*AVAILABLE DATA*.
------------------------
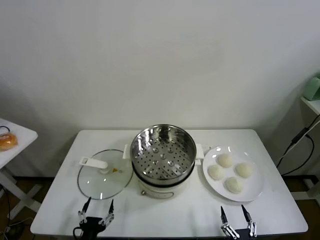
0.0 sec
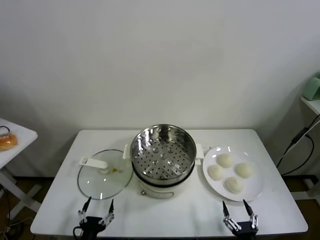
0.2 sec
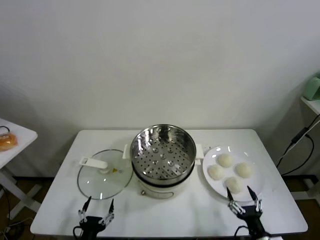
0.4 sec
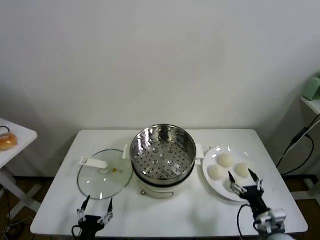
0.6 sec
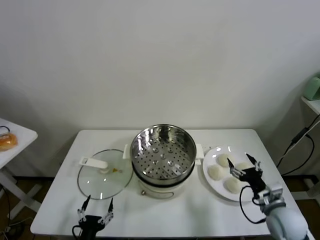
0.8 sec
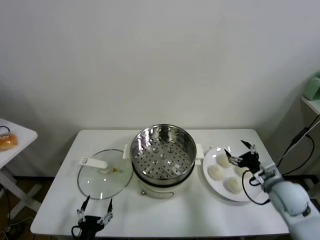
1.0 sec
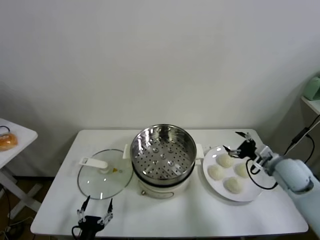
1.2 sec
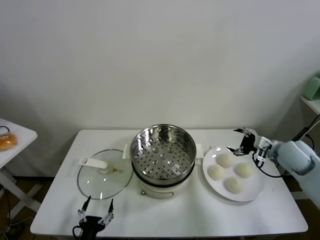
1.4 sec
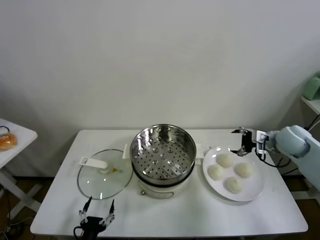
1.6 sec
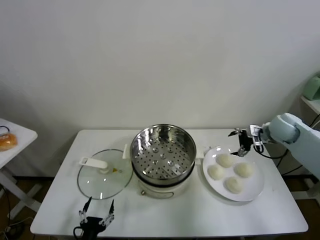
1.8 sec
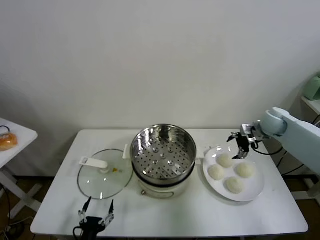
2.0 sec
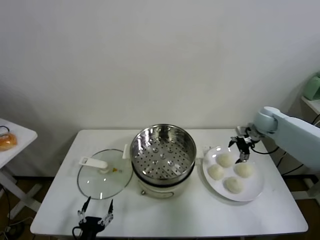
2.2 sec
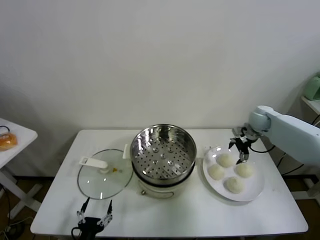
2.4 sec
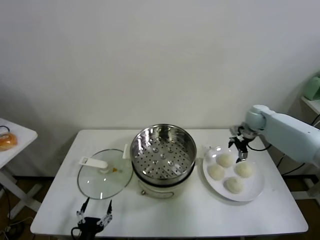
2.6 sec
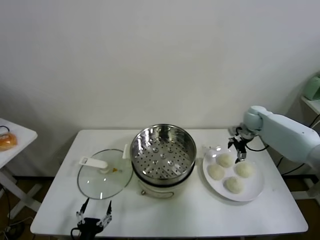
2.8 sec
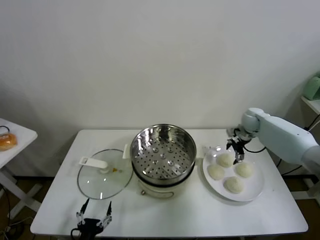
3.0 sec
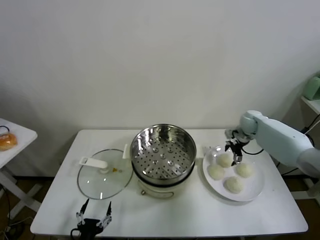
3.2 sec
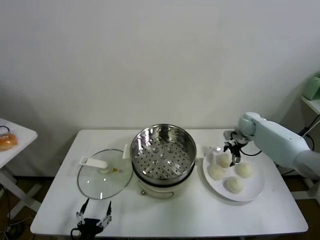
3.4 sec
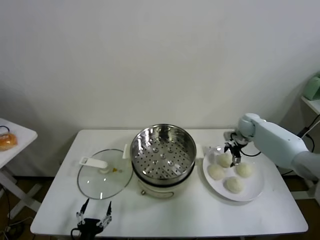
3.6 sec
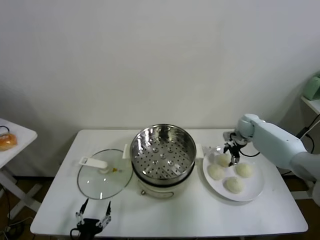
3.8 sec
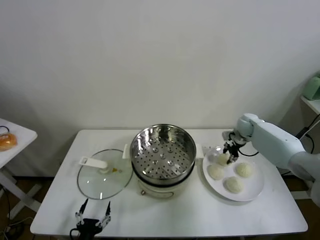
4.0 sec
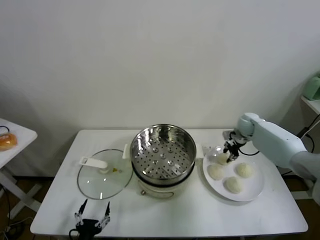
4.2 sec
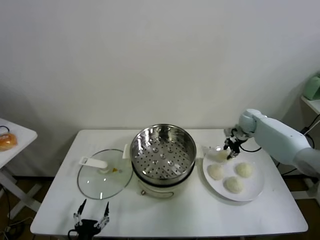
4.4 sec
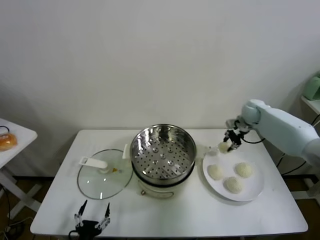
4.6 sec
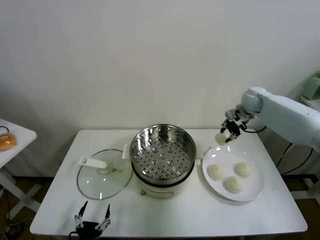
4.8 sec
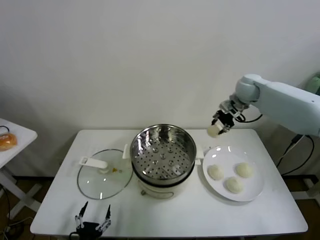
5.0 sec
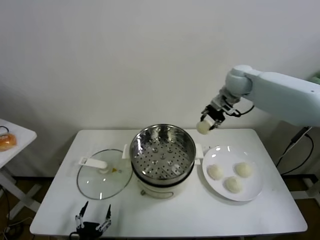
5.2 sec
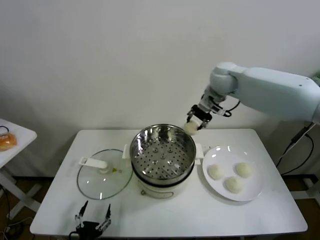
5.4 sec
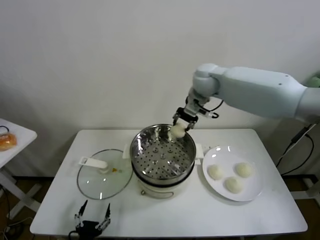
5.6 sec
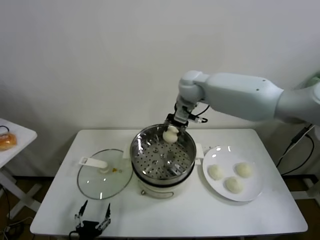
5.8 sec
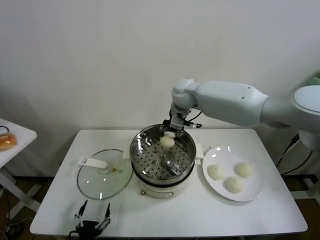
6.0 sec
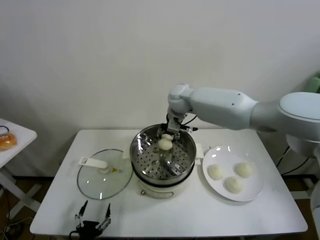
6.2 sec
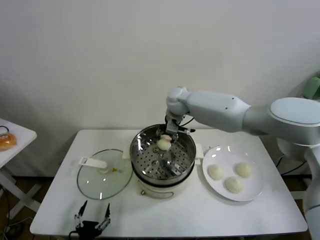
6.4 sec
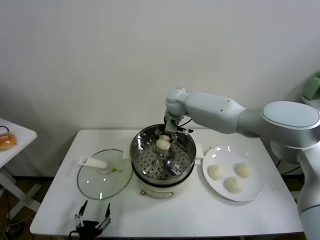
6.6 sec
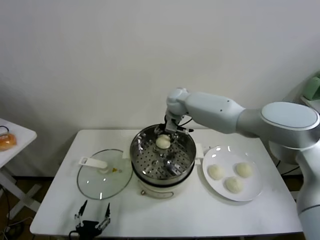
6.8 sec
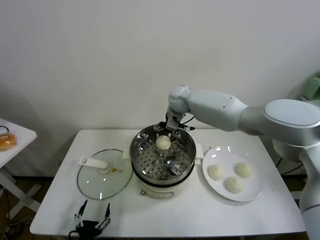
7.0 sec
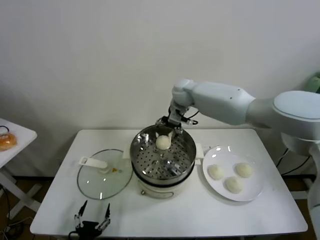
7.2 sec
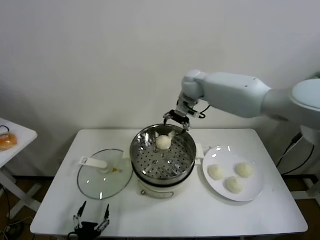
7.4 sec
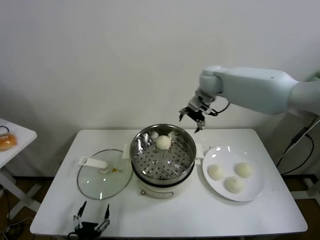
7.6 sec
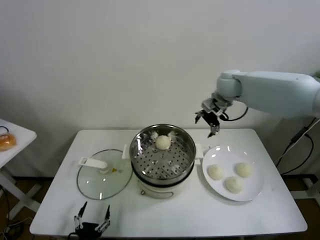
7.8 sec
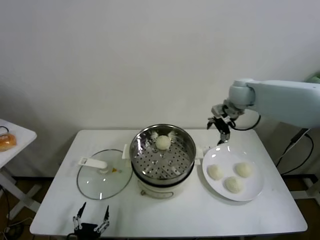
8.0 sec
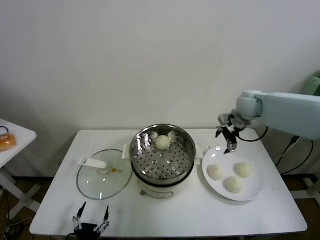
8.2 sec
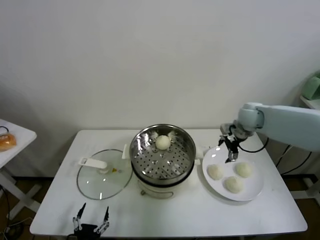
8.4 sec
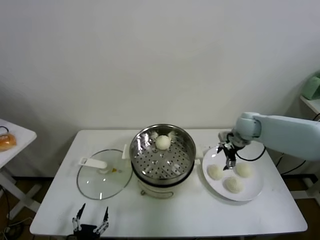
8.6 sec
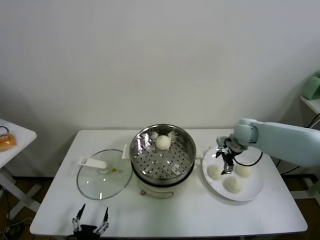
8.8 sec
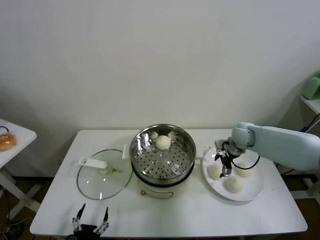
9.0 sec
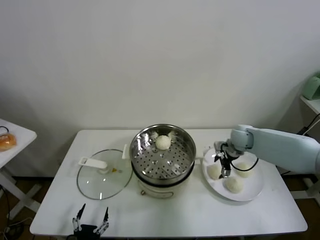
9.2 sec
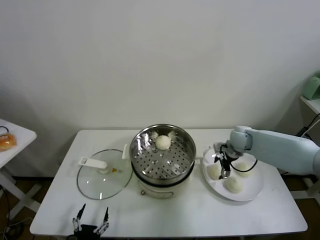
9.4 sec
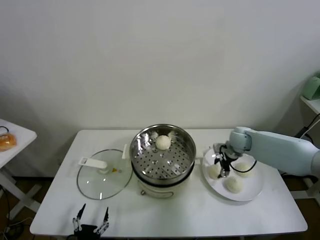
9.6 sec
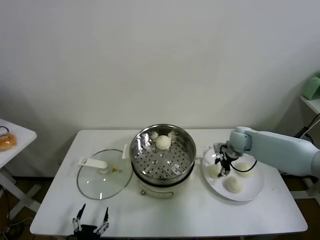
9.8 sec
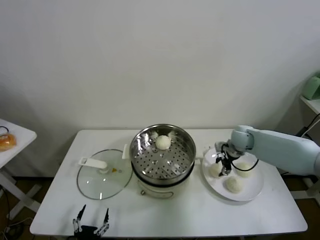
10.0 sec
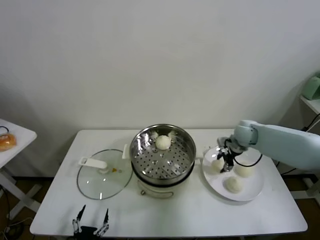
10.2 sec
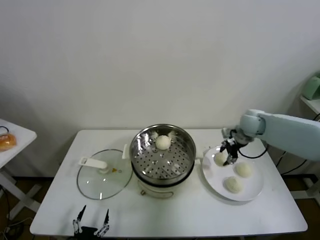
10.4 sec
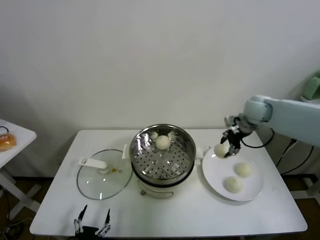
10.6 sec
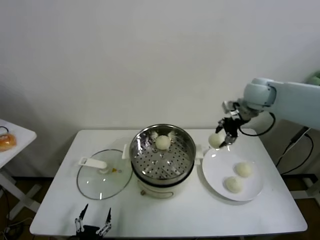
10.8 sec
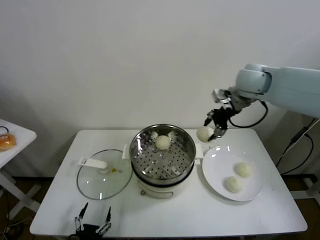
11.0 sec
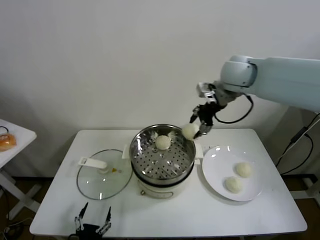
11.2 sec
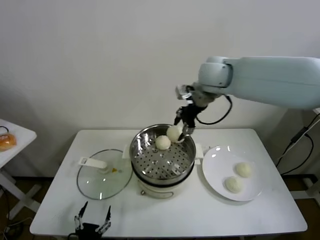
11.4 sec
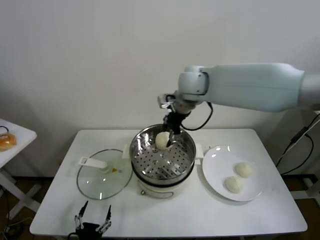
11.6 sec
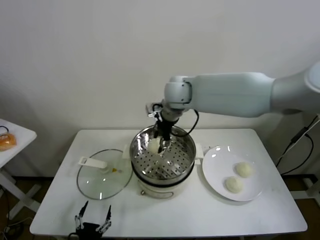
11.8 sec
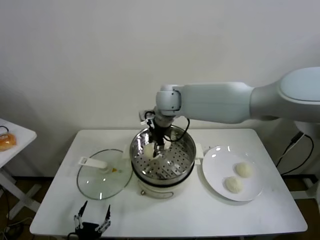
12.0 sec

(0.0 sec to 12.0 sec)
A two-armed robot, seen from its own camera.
Task of the whole recording: take steamed baozi put them in steamer.
Step, 0.0 sec - 4.0 sec: Grasp the baozi in the plate with right gripper.
Step, 4.2 sec - 7.0 sec: Place the baozi on the steamer with right gripper.
Step, 7.2 sec - 9.8 sec: Grasp the baozi in the plate with right gripper.
1.6 sec - 3.0 sec: The right gripper goes about 15 cm forward and downward.
3.0 sec - 4.4 sec: The right gripper closes its fingers.
4.4 sec - 6.0 sec: The right gripper goes roughly 30 cm to the left and upward.
6.0 sec - 7.6 sec: The right gripper goes roughly 15 cm to the right, and opens up.
7.6 sec - 9.0 sec: The right gripper moves downward and to the right, roughly 25 cm.
9.0 sec - 10.4 sec: The right gripper is displaced upward by some 10 cm, and closes its fingers.
10.4 sec - 12.0 sec: The right gripper is displaced to the left by roughly 30 cm.

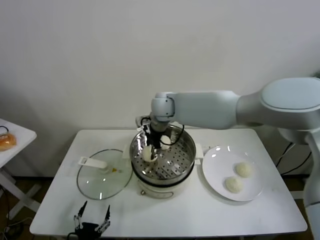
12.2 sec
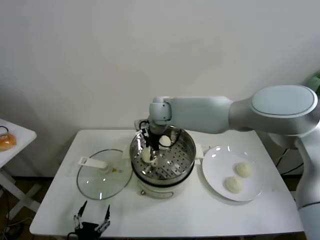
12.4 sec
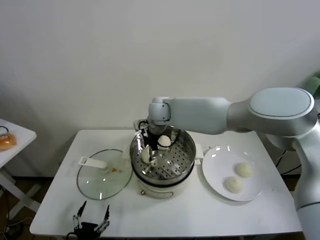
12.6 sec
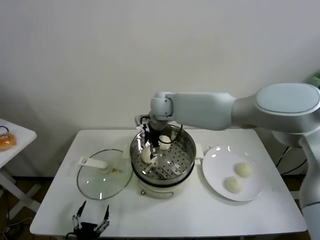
------------------------
*TASK DETAILS*.
Nothing but the records, restated word for word and stripped of images, belongs in the answer.

*SOLUTION BELOW*.
0.0 sec
0.2 sec
0.4 sec
0.6 sec
0.8 sec
1.0 sec
1.2 sec
1.4 sec
1.6 sec
1.8 sec
2.0 sec
2.2 sec
2.4 sec
2.6 sec
2.8 sec
3.0 sec
3.2 sec
3.4 sec
3.6 sec
3.8 sec
4.0 sec
4.2 sec
4.4 sec
4.6 sec
4.8 sec
5.0 sec
5.2 sec
5.4 sec
5.6 sec
5.8 sec
6.0 sec
6.2 sec
6.4 sec
6.6 sec
6.8 sec
7.0 sec
7.2 sec
7.4 sec
7.6 sec
7.8 sec
8.0 sec
8.2 sec
8.4 sec
8.6 sec
8.8 sec
9.0 sec
9.2 sec
9.4 sec
9.6 sec
9.8 sec
10.0 sec
10.2 sec
10.4 sec
10.6 sec
10.8 sec
11.0 sec
11.2 sec
11.4 sec
11.6 sec
11.8 sec
12.0 sec

(0.0 sec to 12.0 sec)
A two-armed robot, seen from its own camera.
Task of the whole recording: take steamed baozi put them in steamer.
Step, 0.0 sec - 4.0 sec: Grasp the baozi in the plate with right gripper.
Step, 4.2 sec - 7.0 sec: Place the baozi on the steamer with right gripper.
Step, 7.2 sec - 9.8 sec: Grasp the baozi in the plate with right gripper.
1.6 sec - 3.0 sec: The right gripper goes about 15 cm forward and downward.
3.0 sec - 4.4 sec: The right gripper closes its fingers.
4.4 sec - 6.0 sec: The right gripper goes roughly 30 cm to the left and upward.
6.0 sec - 7.6 sec: The right gripper goes roughly 15 cm to the right, and opens up.
7.6 sec - 9.0 sec: The right gripper moves downward and to the right, roughly 25 cm.
9.0 sec - 10.4 sec: The right gripper is displaced upward by some 10 cm, and closes its fingers.
10.4 sec - 12.0 sec: The right gripper is displaced to the left by roughly 30 cm.

12.2 sec
12.4 sec
12.6 sec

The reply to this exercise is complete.